Malo était légèrement en retard. La circulation dense avait eu raison de sa volonté à arriver en avance. Être le premier arrivé avait un avantage, celui de ne se poser aucune question quant à la façon de se saluer. Or, Tomy était déjà installé. Devait-il lui serrer la main ? Lui faire un check ou le serrer dans ses bras ? Il n’en n’avait aucune idée et cela le stressait quelque peu. Il poussa la porte du café et soupira en sentant la climatisation rafraîchir la salle.
— Bonjour monsieur, pour une personne ?
Malo regarda la serveuse quelques secondes avant que son regard ne soit attiré par une main secouée en l’air.
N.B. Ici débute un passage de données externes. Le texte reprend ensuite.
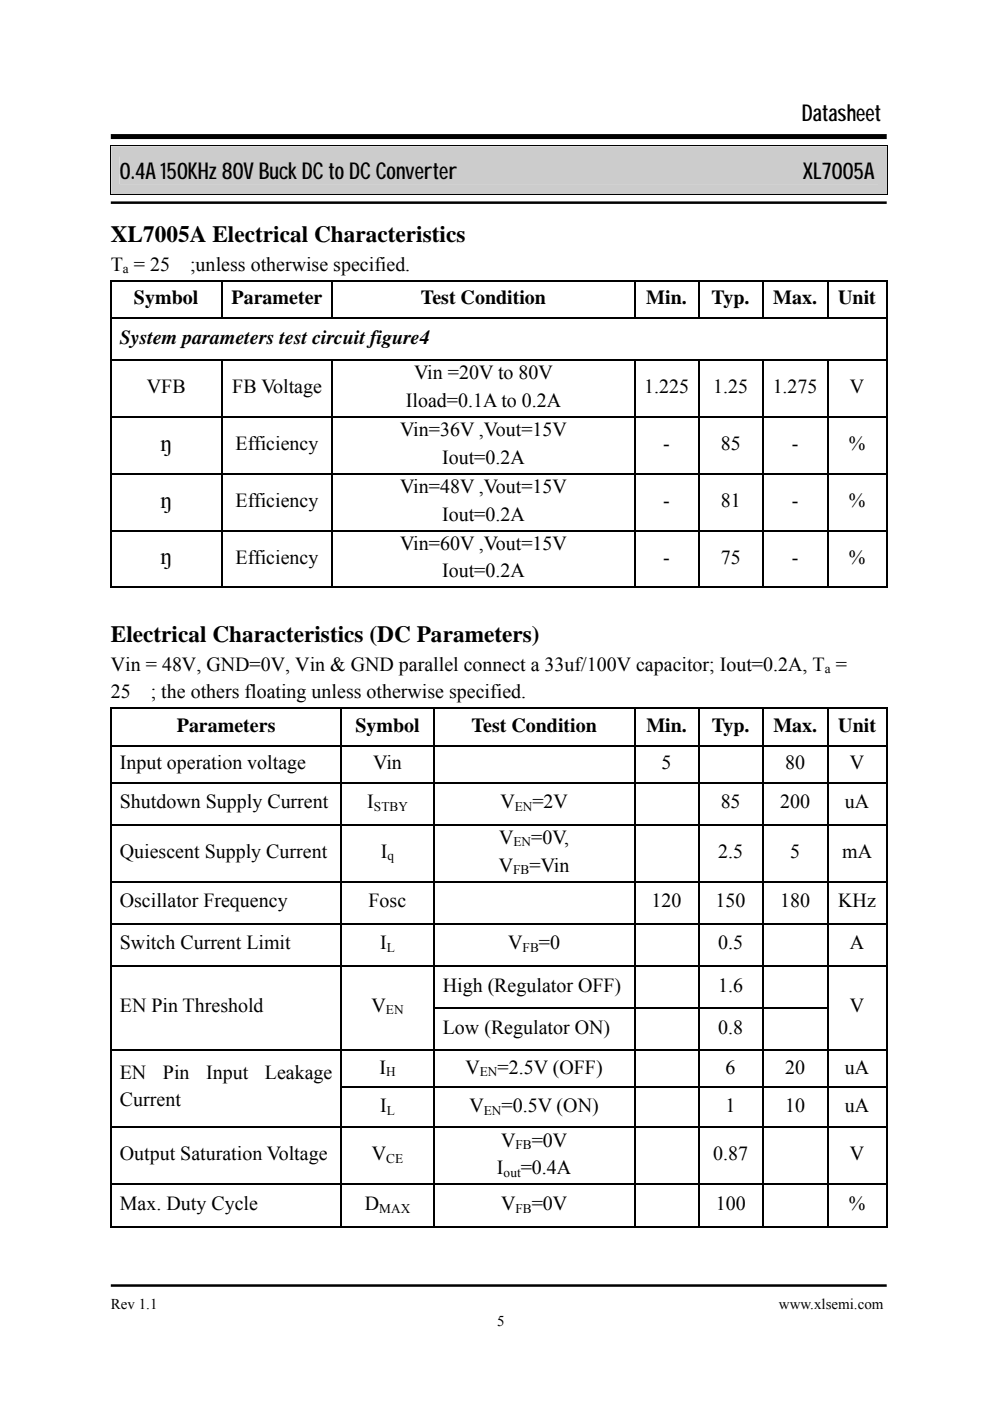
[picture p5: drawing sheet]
<svg xmlns="http://www.w3.org/2000/svg" width="210mm" height="297mm" viewBox="0 0 210 297" stroke-linecap="round" stroke-linejoin="round" font-family="sans-serif">
<defs><g id="words">
<g font-size="4.9">
<text x="170" y="25.6">Datasheet</text>
<text x="25.4" y="38">0.4A 150KHz 80V Buck DC to DC Converter</text>
<text x="170.2" y="38">XL7005A</text>
<text x="23.5" y="51.3">XL7005A Electrical Characteristics</text>
<text x="34" y="95.6">ŋ</text>
<text x="34" y="107.6">ŋ</text>
<text x="34" y="119.6">ŋ</text>
<text x="23.5" y="136.1">Electrical Characteristics (DC Parameters)</text>
</g>
<g font-size="4.2">
<text x="23.5" y="57.4">T = 25</text>
<text x="40.3" y="57.4">;unless otherwise specified.</text>
<text x="28.4" y="64.5">Symbol</text>
<text x="49.1" y="64.5">Parameter</text>
<text x="89.2" y="64.5">Test Condition</text>
<text x="137" y="64.5">Min.</text>
<text x="150.9" y="64.5">Typ.</text>
<text x="163.9" y="64.5">Max.</text>
<text x="177.7" y="64.5">Unit</text>
<text x="25.4" y="73">System parameters test circuit figure4</text>
<text x="31.1" y="83.4">VFB</text>
<text x="49.2" y="83.4">FB Voltage</text>
<text x="87.8" y="80.5">Vin =20V to 80V</text>
<text x="136.6" y="83.4">1.225</text>
<text x="151.2" y="83.4">1.25</text>
<text x="163.8" y="83.4">1.275</text>
<text x="180.2" y="83.4">V</text>
<text x="86" y="86.3">Iload=0.1A to 0.2A</text>
<text x="50" y="95.4">Efficiency</text>
<text x="84.8" y="92.5">Vin=36V ,Vout=15V</text>
<text x="140.6" y="95.4">-</text>
<text x="152.8" y="95.4">85</text>
<text x="167.9" y="95.4">-</text>
<text x="180" y="95.4">%</text>
<text x="93.7" y="98.3">Iout=0.2A</text>
<text x="50" y="107.5">Efficiency</text>
<text x="84.8" y="104.5">Vin=48V ,Vout=15V</text>
<text x="140.6" y="107.5">-</text>
<text x="152.8" y="107.5">81</text>
<text x="167.9" y="107.5">-</text>
<text x="180" y="107.5">%</text>
<text x="93.7" y="110.4">Iout=0.2A</text>
<text x="50" y="119.5">Efficiency</text>
<text x="84.8" y="116.6">Vin=60V ,Vout=15V</text>
<text x="140.6" y="119.5">-</text>
<text x="152.8" y="119.5">75</text>
<text x="167.9" y="119.5">-</text>
<text x="180" y="119.5">%</text>
<text x="93.7" y="122.4">Iout=0.2A</text>
<text x="23.5" y="142.2">Vin = 48V, GND=0V, Vin &amp; GND parallel connect a 33uf/100V capacitor; Iout=0.2A, T =</text>
<text x="23.5" y="148.1">25</text>
<text x="32" y="148.1">; the others floating unless otherwise specified.</text>
<text x="37.5" y="155.2">Parameters</text>
<text x="75.4" y="155.2">Symbol</text>
<text x="100" y="155.2">Test Condition</text>
<text x="137" y="155.2">Min.</text>
<text x="150.9" y="155.2">Typ.</text>
<text x="164" y="155.2">Max.</text>
<text x="177.7" y="155.2">Unit</text>
<text x="25.4" y="163">Input operation voltage</text>
<text x="79.1" y="163">Vin</text>
<text x="140.3" y="163">5</text>
<text x="166.5" y="163">80</text>
<text x="180.2" y="163">V</text>
<text x="25.4" y="171.4">Shutdown Supply Current</text>
<text x="77.9" y="171.4">I</text>
<text x="106.1" y="171.4">V</text>
<text x="112.9" y="171.4">=2V</text>
<text x="152.8" y="171.4">85</text>
<text x="165.4" y="171.4">200</text>
<text x="179.1" y="171.4">uA</text>
<text x="105.8" y="178.9">V</text>
<text x="112.6" y="178.9">=0V,</text>
<text x="25.4" y="181.9">Quiescent Supply Current</text>
<text x="80.8" y="181.9">I</text>
<text x="105.8" y="184.8">V</text>
<text x="112.3" y="184.8">=Vin</text>
<text x="152.3" y="181.9">2.5</text>
<text x="167.5" y="181.9">5</text>
<text x="178.6" y="181.9">mA</text>
<text x="25.4" y="192.4">Oscillator Frequency</text>
<text x="78.1" y="192.4">Fosc</text>
<text x="138.1" y="192.4">120</text>
<text x="151.7" y="192.4">150</text>
<text x="165.4" y="192.4">180</text>
<text x="177.7" y="192.4">KHz</text>
<text x="25.4" y="201.3">Switch Current Limit</text>
<text x="80.6" y="201.3">I</text>
<text x="107.8" y="201.3">V</text>
<text x="114.3" y="201.3">=0</text>
<text x="152.3" y="201.3">0.5</text>
<text x="180.2" y="201.3">A</text>
<text x="25.4" y="214.5">EN Pin Threshold</text>
<text x="78.8" y="214.5">V</text>
<text x="93.9" y="210.2">High (Regulator OFF)</text>
<text x="152.3" y="210.2">1.6</text>
<text x="180.2" y="214.5">V</text>
<text x="93.9" y="219.2">Low (Regulator ON)</text>
<text x="152.3" y="219.2">0.8</text>
<text x="80.5" y="227.6">I</text>
<text x="98.7" y="227.6">V</text>
<text x="105.5" y="227.6">=2.5V (OFF)</text>
<text x="153.8" y="227.6">6</text>
<text x="166.5" y="227.6">20</text>
<text x="179.1" y="227.6">uA</text>
<text x="25.4" y="228.7">EN</text>
<text x="34.6" y="228.7">Pin</text>
<text x="43.7" y="228.7">Input</text>
<text x="56.2" y="228.7">Leakage</text>
<text x="25.4" y="234.6">Current</text>
<text x="80.6" y="235.8">I</text>
<text x="99.5" y="235.8">V</text>
<text x="106.3" y="235.8">=0.5V (ON)</text>
<text x="153.8" y="235.8">1</text>
<text x="166.5" y="235.8">10</text>
<text x="179.1" y="235.8">uA</text>
<text x="106.2" y="243.1">V</text>
<text x="112.7" y="243.1">=0V</text>
<text x="25.4" y="246">Output Saturation Voltage</text>
<text x="78.9" y="246">V</text>
<text x="105.4" y="249">I</text>
<text x="110.4" y="249">=0.4A</text>
<text x="151.2" y="246">0.87</text>
<text x="180.2" y="246">V</text>
<text x="25.4" y="256.6">Max. Duty Cycle</text>
<text x="77.4" y="256.6">D</text>
<text x="106.2" y="256.6">V</text>
<text x="112.7" y="256.6">=0V</text>
<text x="151.7" y="256.6">100</text>
<text x="180" y="256.6">%</text>
</g>
<g font-size="3.2">
<text x="23.5" y="277.6">Rev 1.1</text>
<text x="105.4" y="281.2">5</text>
<text x="165.1" y="277.6">www.xlsemi.com</text>
</g>
<g font-size="2.8">
<text x="26.1" y="58">a</text>
<text x="174.9" y="142.8">a</text>
<text x="79.3" y="171.9">STBY</text>
<text x="109.1" y="171.9">EN</text>
<text x="108.9" y="179.5">EN</text>
<text x="82.2" y="182.4">q</text>
<text x="108.8" y="185.3">FB</text>
<text x="82" y="201.8">L</text>
<text x="110.8" y="201.8">FB</text>
<text x="81.8" y="215.1">EN</text>
<text x="81.9" y="228.1">H</text>
<text x="101.7" y="228.1">EN</text>
<text x="82" y="236.3">L</text>
<text x="102.6" y="236.3">EN</text>
<text x="109.3" y="243.6">FB</text>
<text x="81.9" y="246.6">CE</text>
<text x="106.8" y="249.5">out</text>
<text x="80.4" y="257.1">MAX</text>
<text x="109.3" y="257.1">FB</text>
</g>
</g></defs>
<g fill="#ccc">
<path d="M23.6 31h164.5v10.2h-164.5z"/>
<path d="M25.4 33.1h160.9v5.9h-160.9z"/>
</g>
<g fill="#000">
<path d="M23.4 30.8h.2v.2h-.2zM188.1 30.8h.2v.2h-.2zM23.3 59.4h.4v.3h-.4zM46.8 59.4h.4v.3h-.4zM70.3 59.4h.4v.3h-.4zM134.4 59.4h.3v.3h-.3zM148 59.4h.3v.3h-.3zM161.5 59.4h.4v.3h-.4zM175.4 59.4h.3v.3h-.3zM187.8 59.4h.3v.3h-.3zM188.1 41.2h.2v.2h-.2zM23.3 67.3h.4v.4h-.4z"/>
<path d="M23.3 76.2h.4v.4h-.4zM46.8 76.2h.4v.4h-.4zM70.3 76.2h.4v.4h-.4zM134.4 76.2h.3v.4h-.3zM148 76.2h.3v.4h-.3zM161.5 76.2h.4v.4h-.4zM175.4 76.2h.3v.4h-.3zM187.8 67.3h.3v.4h-.3zM187.8 76.2h.3v.4h-.3zM23.3 88.2h.4v.4h-.4zM46.8 88.2h.4v.4h-.4zM70.3 88.2h.4v.4h-.4z"/>
<path d="M134.4 88.2h.3v.4h-.3zM148 88.2h.3v.4h-.3zM161.5 88.2h.4v.4h-.4zM175.4 88.2h.3v.4h-.3zM187.8 88.2h.3v.4h-.3zM23.3 100.3h.4v.3h-.4zM23.3 112.3h.4v.4h-.4zM46.8 100.3h.4v.3h-.4zM46.8 112.3h.4v.4h-.4zM70.3 100.3h.4v.3h-.4zM70.3 112.3h.4v.4h-.4zM134.4 100.3h.3v.3h-.3z"/>
<path d="M134.4 112.3h.3v.4h-.3zM148 100.3h.3v.3h-.3zM148 112.3h.3v.4h-.3zM161.5 100.3h.4v.3h-.4zM161.5 112.3h.4v.4h-.4zM175.4 100.3h.3v.3h-.3zM175.4 112.3h.3v.4h-.3zM187.8 100.3h.3v.3h-.3zM187.8 112.3h.3v.4h-.3zM187.8 124.4h.3v.3h-.3zM23.3 150h.4v.4h-.4zM23.3 157.9h.4v.4h-.4z"/>
<path d="M72.2 150h.4v.4h-.4zM72.2 157.9h.4v.4h-.4zM91.8 150h.3v.4h-.3zM91.8 157.9h.3v.4h-.3zM134.4 150h.3v.4h-.3zM134.4 157.9h.3v.4h-.3zM148 150h.3v.4h-.3zM148 157.9h.3v.4h-.3zM161.5 150h.4v.4h-.4zM161.5 157.9h.4v.4h-.4zM175.4 150h.3v.4h-.3zM175.4 157.9h.3v.4h-.3z"/>
<path d="M187.8 150h.3v.4h-.3zM187.8 150h.3v.3h-.3zM187.8 157.9h.3v.4h-.3zM23.3 165.8h.4v.3h-.4zM23.3 174.7h.4v.3h-.4zM72.2 165.8h.4v.3h-.4zM72.2 174.7h.4v.3h-.4zM91.8 165.8h.3v.3h-.3zM91.8 174.7h.3v.3h-.3zM134.4 165.8h.3v.3h-.3zM134.4 174.7h.3v.3h-.3zM148 165.8h.3v.3h-.3z"/>
<path d="M148 174.7h.3v.3h-.3zM161.5 165.8h.4v.3h-.4zM161.5 174.7h.4v.3h-.4zM175.4 165.8h.3v.3h-.3zM175.4 174.7h.3v.3h-.3zM187.8 165.8h.3v.3h-.3zM187.8 174.7h.3v.3h-.3zM23.3 186.7h.4v.4h-.4zM23.3 195.7h.4v.3h-.4zM72.2 186.7h.4v.4h-.4zM72.2 195.7h.4v.3h-.4zM91.8 186.7h.3v.4h-.3z"/>
<path d="M91.8 195.7h.3v.3h-.3zM134.4 186.7h.3v.4h-.3zM134.4 195.7h.3v.3h-.3zM148 186.7h.3v.4h-.3zM148 195.7h.3v.3h-.3zM161.5 186.7h.4v.4h-.4zM161.5 195.7h.4v.3h-.4zM175.4 186.7h.3v.4h-.3zM175.4 195.7h.3v.3h-.3zM187.8 186.7h.3v.4h-.3zM187.8 195.7h.3v.3h-.3zM23.3 204.6h.4v.4h-.4z"/>
<path d="M23.3 213.6h.4v.3h-.4zM72.2 204.6h.4v.4h-.4zM72.2 213.6h.4v.3h-.4zM91.8 204.6h.3v.4h-.3zM91.8 213.6h.3v.3h-.3zM134.4 204.6h.3v.4h-.3zM134.4 213.6h.3v.3h-.3zM148 204.6h.3v.4h-.3zM148 213.6h.3v.3h-.3zM161.5 204.6h.4v.4h-.4zM161.5 213.6h.4v.3h-.4zM175.4 204.6h.3v.4h-.3z"/>
<path d="M175.4 213.6h.3v.3h-.3zM187.8 204.6h.3v.4h-.3zM187.8 213.6h.3v.3h-.3zM23.3 222.5h.4v.4h-.4zM23.3 230.4h.4v.3h-.4zM23.3 238.9h.4v.3h-.4zM72.2 222.5h.4v.4h-.4zM72.2 230.4h.4v.3h-.4zM72.2 238.9h.4v.3h-.4zM91.8 222.5h.3v.4h-.3zM91.8 230.4h.3v.3h-.3zM91.8 238.9h.3v.3h-.3z"/>
<path d="M134.4 222.5h.3v.4h-.3zM134.4 230.4h.3v.3h-.3zM134.4 238.9h.3v.3h-.3zM148 222.5h.3v.4h-.3zM148 230.4h.3v.3h-.3zM148 238.9h.3v.3h-.3zM161.5 222.5h.4v.4h-.4zM161.5 230.4h.4v.3h-.4zM161.5 238.9h.4v.3h-.4zM175.4 222.5h.3v.4h-.3zM175.4 230.4h.3v.3h-.3zM175.4 238.9h.3v.3h-.3z"/>
<path d="M187.8 222.5h.3v.4h-.3zM187.8 230.4h.3v.3h-.3zM187.8 238.9h.3v.3h-.3zM23.3 250.9h.4v.4h-.4zM72.2 250.9h.4v.4h-.4zM91.8 250.9h.3v.4h-.3zM134.4 250.9h.3v.4h-.3zM148 250.9h.3v.4h-.3zM161.5 250.9h.4v.4h-.4zM175.4 250.9h.3v.4h-.3zM187.8 250.9h.3v.4h-.3zM187.8 260h.3v.3h-.3z"/>
</g>
<path d="M23.4 30.9h164.9M23.5 31v10.4M188.2 31v10.4M23.4 41.3h164.7" fill="none" stroke="#000" stroke-width=".21"/>
<path d="M23.5 29h164.5" fill="none" stroke="#000" stroke-width="1.1" stroke-linecap="butt"/>
<path d="M23.5 43h164.5M23.5 272.6h164.5" fill="none" stroke="#000" stroke-width=".53"/>
<g fill="none" stroke="#000" stroke-width=".34">
<path d="M23.3 59.5h23.5M23.5 59.7v7.6M47 59.7v7.6M47.2 59.5h23.1M70.5 59.7v7.6M70.7 59.5h63.7M134.6 59.7v7.6M134.7 59.5h13.3M148.1 59.7v7.6M148.3 59.5h13.2M161.7 59.7v7.6M161.9 59.5h13.5"/>
<path d="M175.5 59.7v7.6M175.7 59.5h12.1M188 59.7v7.6M23.5 67.7v8.5M23.5 76.6v11.6M23.7 67.5h164.1M23.7 76.4h23.1M47 76.6v11.6M47.2 76.4h23.1M70.5 76.6v11.6M70.7 76.4h63.7M134.6 76.6v11.6"/>
<path d="M134.7 76.4h13.3M148.1 76.6v11.6M148.3 76.4h13.2M161.7 76.6v11.6M161.9 76.4h13.5M175.5 76.6v11.6M175.7 76.4h12.1M188 67.7v8.5M188 76.6v11.6M23.5 88.6v11.7M23.7 88.4h23.1M47 88.6v11.7"/>
<path d="M47.2 88.4h23.1M70.5 88.6v11.7M70.7 88.4h63.7M134.6 88.6v11.7M134.7 88.4h13.3M148.1 88.6v11.7M148.3 88.4h13.2M161.7 88.6v11.7M161.9 88.4h13.5M175.5 88.6v11.7M175.7 88.4h12.1M188 88.6v11.7"/>
<path d="M23.5 100.6v11.7M23.5 112.7v12M23.7 100.5h23.1M23.7 112.5h23.1M47 100.6v11.7M47 112.7v12M47.2 100.5h23.1M47.2 112.5h23.1M70.5 100.6v11.7M70.5 112.7v12M70.7 100.5h63.7M70.7 112.5h63.7"/>
<path d="M134.6 100.6v11.7M134.6 112.7v12M134.7 100.5h13.3M134.7 112.5h13.3M148.1 100.6v11.7M148.1 112.7v12M148.3 100.5h13.2M148.3 112.5h13.2M161.7 100.6v11.7M161.7 112.7v12M161.9 100.5h13.5M161.9 112.5h13.5"/>
<path d="M175.5 100.6v11.7M175.5 112.7v12M175.7 100.5h12.1M175.7 112.5h12.1M188 100.6v11.7M188 112.7v12M23.3 124.5h23.5M47.2 124.5h23.1M70.7 124.5h63.7M134.7 124.5h13.3M148.3 124.5h13.2M161.9 124.5h13.5"/>
<path d="M175.7 124.5h12.1M23.3 150.2h48.9M23.5 150.4v7.5M23.5 158.3v7.5M23.7 158.1h48.5M72.4 150.4v7.5M72.4 158.3v7.5M72.6 150.2h19.2M72.6 158.1h19.2M92 150.4v7.5M92 158.3v7.5M92.1 150.2h42.3"/>
<path d="M92.1 158.1h42.3M134.6 150.4v7.5M134.6 158.3v7.5M134.7 150.2h13.3M134.7 158.1h13.3M148.1 150.4v7.5M148.1 158.3v7.5M148.3 150.2h13.2M148.3 158.1h13.2M161.7 150.4v7.5M161.7 158.3v7.5M161.9 150.2h13.5"/>
<path d="M161.9 158.1h13.5M175.5 150.4v7.5M175.5 158.3v7.5M175.7 150.2h12.1M175.7 158.1h12.1M188 150.4v7.5M188 158.3v7.5M23.5 166.1v8.6M23.5 175v11.7M23.7 165.9h48.5M23.7 174.9h48.5M72.4 166.1v8.6"/>
<path d="M72.4 175v11.7M72.6 165.9h19.2M72.6 174.9h19.2M92 166.1v8.6M92 175v11.7M92.1 165.9h42.3M92.1 174.9h42.3M134.6 166.1v8.6M134.6 175v11.7M134.7 165.9h13.3M134.7 174.9h13.3M148.1 166.1v8.6"/>
<path d="M148.1 175v11.7M148.3 165.9h13.2M148.3 174.9h13.2M161.7 166.1v8.6M161.7 175v11.7M161.9 165.9h13.5M161.9 174.9h13.5M175.5 166.1v8.6M175.5 175v11.7M175.7 165.9h12.1M175.7 174.9h12.1M188 166.1v8.6"/>
<path d="M188 175v11.7M23.5 187.1v8.6M23.5 196v8.6M23.7 186.9h48.5M23.7 195.8h48.5M72.4 187.1v8.6M72.4 196v8.6M72.6 186.9h19.2M72.6 195.8h19.2M92 187.1v8.6M92 196v8.6M92.1 186.9h42.3"/>
<path d="M92.1 195.8h42.3M134.6 187.1v8.6M134.6 196v8.6M134.7 186.9h13.3M134.7 195.8h13.3M148.1 187.1v8.6M148.1 196v8.6M148.3 186.9h13.2M148.3 195.8h13.2M161.7 187.1v8.6M161.7 196v8.6M161.9 186.9h13.5"/>
<path d="M161.9 195.8h13.5M175.5 187.1v8.6M175.5 196v8.6M175.7 186.9h12.1M175.7 195.8h12.1M188 187.1v8.6M188 196v8.6M23.5 205v8.6M23.5 213.9v8.6M23.7 204.8h48.5M72.4 205v8.6M72.4 213.9v8.6"/>
<path d="M72.6 204.8h19.2M92 205v8.6M92 213.9v8.6M92.1 204.8h42.3M92.1 213.7h42.3M134.6 205v8.6M134.6 213.9v8.6M134.7 204.8h13.3M134.7 213.7h13.3M148.1 205v8.6M148.1 213.9v8.6M148.3 204.8h13.2"/>
<path d="M148.3 213.7h13.2M161.7 205v8.6M161.7 213.9v8.6M161.9 204.8h13.5M161.9 213.7h13.5M175.5 205v8.6M175.5 213.9v8.6M175.7 204.8h12.1M188 205v8.6M188 213.9v8.6M23.5 222.9v7.5M23.5 230.7v8.2"/>
<path d="M23.5 239.2v11.7M23.7 222.7h48.5M23.7 239h48.5M72.4 222.9v7.5M72.4 230.7v8.2M72.4 239.2v11.7M72.6 222.7h19.2M72.6 230.5h19.2M72.6 239h19.2M92 222.9v7.5M92 230.7v8.2M92 239.2v11.7"/>
<path d="M92.1 222.7h42.3M92.1 230.5h42.3M92.1 239h42.3M134.6 222.9v7.5M134.6 230.7v8.2M134.6 239.2v11.7M134.7 222.7h13.3M134.7 230.5h13.3M134.7 239h13.3M148.1 222.9v7.5M148.1 230.7v8.2M148.1 239.2v11.7"/>
<path d="M148.3 222.7h13.2M148.3 230.5h13.2M148.3 239h13.2M161.7 222.9v7.5M161.7 230.7v8.2M161.7 239.2v11.7M161.9 222.7h13.5M161.9 230.5h13.5M161.9 239h13.5M175.5 222.9v7.5M175.5 230.7v8.2M175.5 239.2v11.7"/>
<path d="M175.7 222.7h12.1M175.7 230.5h12.1M175.7 239h12.1M188 222.9v7.5M188 230.7v8.2M188 239.2v11.7M23.5 251.3v9M23.7 251.1h48.5M72.4 251.3v9M72.6 251.1h19.2M92 251.3v9M92.1 251.1h42.3"/>
<path d="M134.6 251.3v9M134.7 251.1h13.3M148.1 251.3v9M148.3 251.1h13.2M161.7 251.3v9M161.9 251.1h13.5M175.5 251.3v9M175.7 251.1h12.1M188 251.3v9M23.3 260.1h48.9M72.6 260.1h19.2M92.1 260.1h42.3"/>
<path d="M134.7 260.1h13.3M148.3 260.1h13.2M161.9 260.1h13.5M175.7 260.1h12.1"/>
</g>
<use href="#words"/>
</svg>

Tomy était installé dans un coin, sur un pouf géant.
— Bonjour, non je rejoins un ami, il est installé là-bas, sourit-il.
— Je vous laisse vous installer, je viens dans une minute prendre votre commande.
Il hocha la tête et se dirigea vers Tomy, un nœud dans l’estomac. La dernière fois qu’il s’était senti aussi stressé, c’était lorsqu’il avait passé son diplôme. Tomy se releva à son approche et l’attira dans une courte accolade pour le saluer avant de lui indiquer le second pouf pour qu’il s’installe à son tour.
— Trois minutes de plus et tu étais en retard !
— Eh, on a pas tous un engin passe-partout, certains sont obligés de faire la queue !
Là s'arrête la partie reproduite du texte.